Tuesday, March 17, 2020

Superman: Red Son


Lord Acton’s famous dictum has been confirmed over and over throughout history: “power tends to corrupt and absolute power corrupts absolutely.” Yet, it has never been applied to Superman—until now. Fortunately, the baby Kal-El landed in Middle America, a devout land governed by Constitutional principles. Suppose he landed in Soviet Russia instead. That is the what-if alternate timeline scenario explored in Sam Liu’s animated feature Superman: Red Son, which releases today on DVD/BluRay.

Svetlana is amazed by young Mishka’s powers, so she convinces the naïve boy to put himself at the service of the Soviet state. Alas, no good deed goes unpunished in Stalin’s regime, because the innocent woman will be condemned to a gulag for knowing Superman before he was a symbol of Communist power. Initially, the costumed hero follows Stalin loyally, but a challenging interview with tough-talking American journalist Lois Lane prompts him to discover the truth—including poor emaciated Svetlana’s fate.

Unfortunately, Superman is not ready to embrace freedom. Instead, he stages a coup d’état, replacing Stalin as General Secretary. With Superman literally leading the Red Army, America is suddenly at a distinct disadvantage in the (not-so) Cold War. However, Eisenhower has a key ally: Lane’s husband, the genius inventor and industrialist Alexander “Lex” Luthor.

There is a lot in J.M. DeMatteis’s adaptation of the Red Son graphic novel that is smart and insightful. Stalin is definitely depicted as the monster that he was, but Superman’s supposedly benign dictatorship is not much different. Lord Acton’s warning regarding absolute power is absolutely spot-on here. The roles played by Brainiac and Wonder Woman are also quite clever, with the former becoming the allegedly perfect Socialist administrator and the former representing the Amazons, who like the so-called “Non-Aligned” nations of the Cold War era, protest their neutrality while favoring Superman’s USSR, until they can no longer ignore the truth of the despotic regime.

This is a Superman movie, but Luthor and Lane are the heroes. They are also the most interesting characters—by far. The snappy voice-over performances of Diedrich Bader and Amy Acker reinforce that brassy, Thin Man-His Girl Friday dynamic. Red Son also offers an interesting way to observe the 80th anniversary celebration of Batman, since he appears as a Dostoyevskian terrorist who launches defiant assault on Superman’s police state.

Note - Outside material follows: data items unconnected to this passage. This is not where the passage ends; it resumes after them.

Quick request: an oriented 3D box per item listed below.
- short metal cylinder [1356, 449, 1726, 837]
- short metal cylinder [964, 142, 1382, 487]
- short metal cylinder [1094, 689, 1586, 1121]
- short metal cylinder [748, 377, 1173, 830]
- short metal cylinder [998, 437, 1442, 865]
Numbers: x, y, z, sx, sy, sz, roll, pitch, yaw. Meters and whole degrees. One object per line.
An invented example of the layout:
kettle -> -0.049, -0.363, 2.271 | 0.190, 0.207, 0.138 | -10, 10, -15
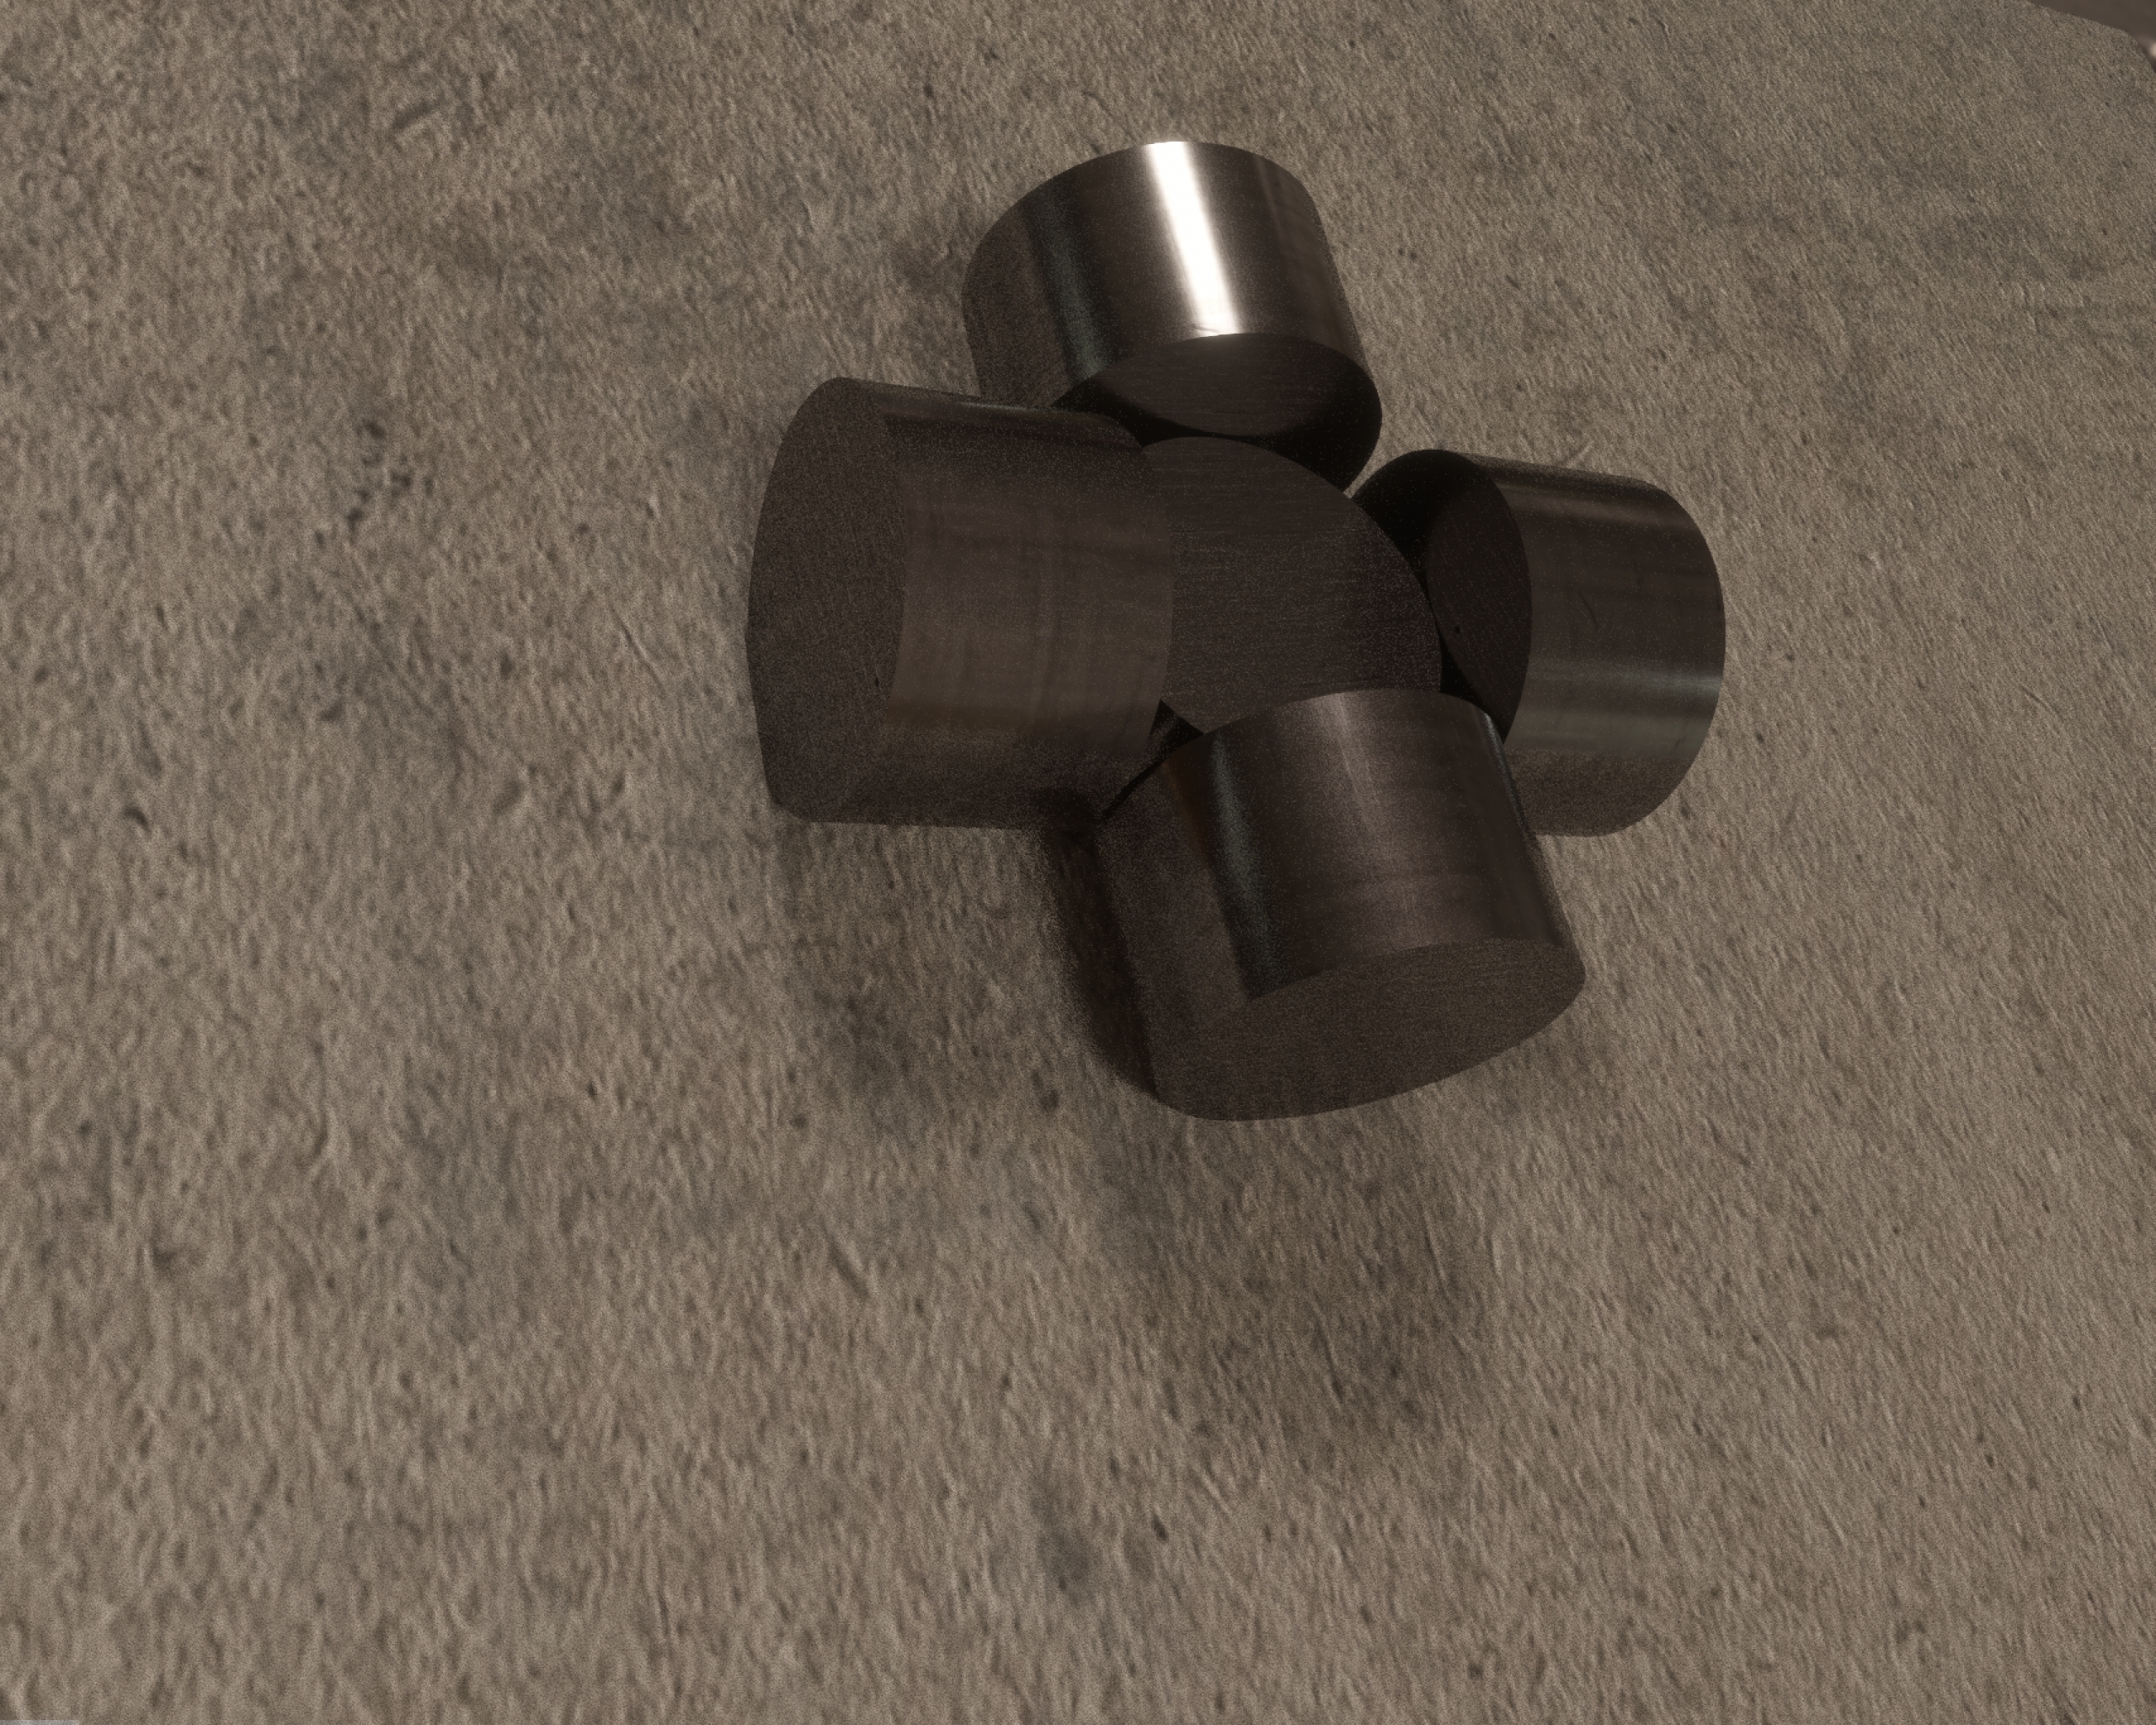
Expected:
short metal cylinder -> 0.092, -0.046, 0.450 | 0.050, 0.080, 0.080 | 2, 61, -28
short metal cylinder -> 0.019, -0.106, 0.445 | 0.081, 0.080, 0.050 | 2, 62, -28
short metal cylinder -> 0.048, 0.010, 0.391 | 0.081, 0.080, 0.050 | 0, 61, -29
short metal cylinder -> -0.024, -0.046, 0.387 | 0.050, 0.080, 0.080 | 2, 61, -28
short metal cylinder -> 0.027, -0.040, 0.430 | 0.081, 0.050, 0.080 | 14, 56, -21
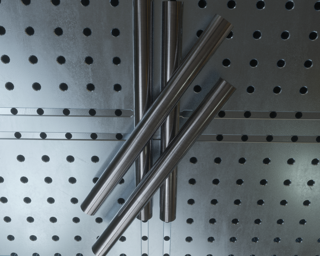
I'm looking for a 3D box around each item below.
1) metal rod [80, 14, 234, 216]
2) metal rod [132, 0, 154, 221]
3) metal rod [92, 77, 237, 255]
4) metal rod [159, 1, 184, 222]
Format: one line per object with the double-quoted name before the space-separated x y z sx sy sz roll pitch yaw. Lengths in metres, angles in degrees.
"metal rod" -0.013 -0.004 0.386 0.025 0.025 0.299 33 107 -11
"metal rod" -0.022 -0.010 0.410 0.025 0.025 0.298 1 110 0
"metal rod" -0.003 0.062 0.409 0.025 0.025 0.299 33 106 -11
"metal rod" 0.013 -0.007 0.411 0.025 0.025 0.298 1 110 0
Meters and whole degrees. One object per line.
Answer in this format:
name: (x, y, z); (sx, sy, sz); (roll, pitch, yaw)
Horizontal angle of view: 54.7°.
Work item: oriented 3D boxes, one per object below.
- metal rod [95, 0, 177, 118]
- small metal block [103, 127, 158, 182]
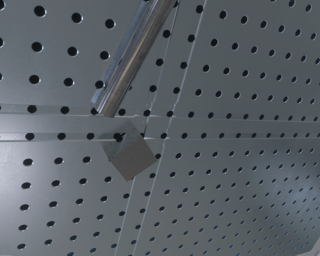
metal rod: (0.008, -0.143, 0.326); (0.025, 0.025, 0.298); (20, 108, -36)
small metal block: (-0.039, 0.036, 0.413); (0.050, 0.025, 0.050); (-34, 129, -6)
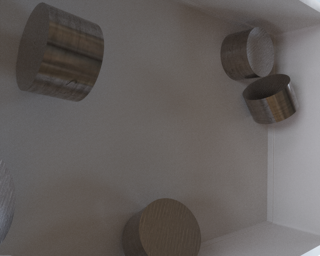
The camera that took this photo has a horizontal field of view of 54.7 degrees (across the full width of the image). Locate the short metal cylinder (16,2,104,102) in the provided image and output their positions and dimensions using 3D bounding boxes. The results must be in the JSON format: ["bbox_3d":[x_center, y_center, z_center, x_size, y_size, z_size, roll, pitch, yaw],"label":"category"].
[{"bbox_3d":[-0.096,-0.069,0.292,0.050,0.080,0.080,11,83,-40],"label":"short metal cylinder"}]

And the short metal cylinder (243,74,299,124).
[{"bbox_3d":[0.190,-0.050,0.534,0.080,0.080,0.050,-45,118,-31],"label":"short metal cylinder"}]

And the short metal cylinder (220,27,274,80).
[{"bbox_3d":[0.146,-0.122,0.516,0.081,0.050,0.079,0,90,-40],"label":"short metal cylinder"}]

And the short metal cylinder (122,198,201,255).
[{"bbox_3d":[0.002,0.131,0.372,0.081,0.050,0.080,16,52,-22],"label":"short metal cylinder"}]

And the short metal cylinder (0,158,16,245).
[{"bbox_3d":[-0.157,0.059,0.233,0.080,0.050,0.079,-6,91,-81],"label":"short metal cylinder"}]
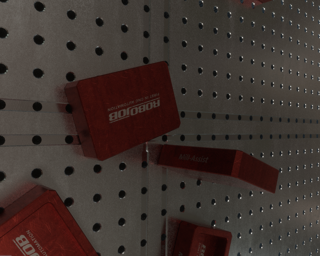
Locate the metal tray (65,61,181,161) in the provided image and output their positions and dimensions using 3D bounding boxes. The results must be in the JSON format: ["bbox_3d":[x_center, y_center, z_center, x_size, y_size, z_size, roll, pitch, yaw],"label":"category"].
[{"bbox_3d":[-0.038,-0.025,0.376,0.131,0.030,0.089,-23,105,-38],"label":"metal tray"}]

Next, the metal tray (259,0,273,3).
[{"bbox_3d":[0.165,-0.288,0.546,0.131,0.030,0.089,4,87,-40],"label":"metal tray"}]

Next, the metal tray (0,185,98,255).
[{"bbox_3d":[-0.117,0.135,0.309,0.091,0.030,0.129,-39,114,-33],"label":"metal tray"}]

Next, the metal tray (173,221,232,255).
[{"bbox_3d":[0.056,0.211,0.455,0.090,0.030,0.130,25,75,-38],"label":"metal tray"}]

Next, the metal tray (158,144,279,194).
[{"bbox_3d":[0.073,0.052,0.404,0.090,0.130,0.030,25,74,-38],"label":"metal tray"}]
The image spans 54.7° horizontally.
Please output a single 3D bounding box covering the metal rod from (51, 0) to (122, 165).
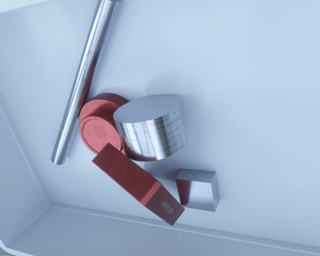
[{"bbox_3d":[-0.114,-0.047,0.437,0.025,0.025,0.298,35,129,5],"label":"metal rod"}]

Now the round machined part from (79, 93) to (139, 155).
[{"bbox_3d":[-0.073,0.004,0.437,0.098,0.042,0.097,13,124,20],"label":"round machined part"}]

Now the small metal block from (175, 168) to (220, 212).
[{"bbox_3d":[0.053,0.086,0.433,0.050,0.025,0.050,2,120,26],"label":"small metal block"}]

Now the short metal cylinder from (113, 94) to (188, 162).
[{"bbox_3d":[-0.011,-0.002,0.376,0.080,0.080,0.050,0,118,28],"label":"short metal cylinder"}]

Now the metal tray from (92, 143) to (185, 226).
[{"bbox_3d":[-0.023,0.077,0.403,0.090,0.030,0.130,33,167,29],"label":"metal tray"}]
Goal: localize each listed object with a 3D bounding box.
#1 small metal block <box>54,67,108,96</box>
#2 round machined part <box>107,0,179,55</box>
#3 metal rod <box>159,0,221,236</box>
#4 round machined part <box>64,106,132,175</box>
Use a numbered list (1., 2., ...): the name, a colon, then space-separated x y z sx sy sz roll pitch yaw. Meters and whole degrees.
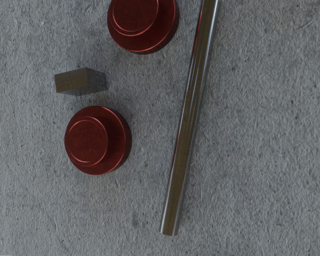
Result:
1. small metal block: -0.110 -0.064 0.434 0.050 0.050 0.025 -9 87 20
2. round machined part: -0.027 -0.150 0.409 0.098 0.042 0.097 0 90 20
3. metal rod: 0.037 -0.011 0.395 0.025 0.025 0.298 11 94 19
4. round machined part: -0.093 0.017 0.433 0.098 0.042 0.097 0 90 20

Much of the alternate Cold War timeline makes sense, but the notion of the U.S, building the Berlin Wall to protect against Superman, probably intended as some kind of commentary on Trump’s border wall, in fact borders on the offensive for those us who lived through Reagan’s “Tear Down this Wall” speech. Still, the rest of the film makes up for it—notably with positive portrayals of Ike, JFK, Luthor and Lane, and the American military (including the Green Lantern Corps). Recommended for fans of DC’s animation and Harry Turtledove’s alternate history novels, Superman: Red Son releases today on DVD/BluRay.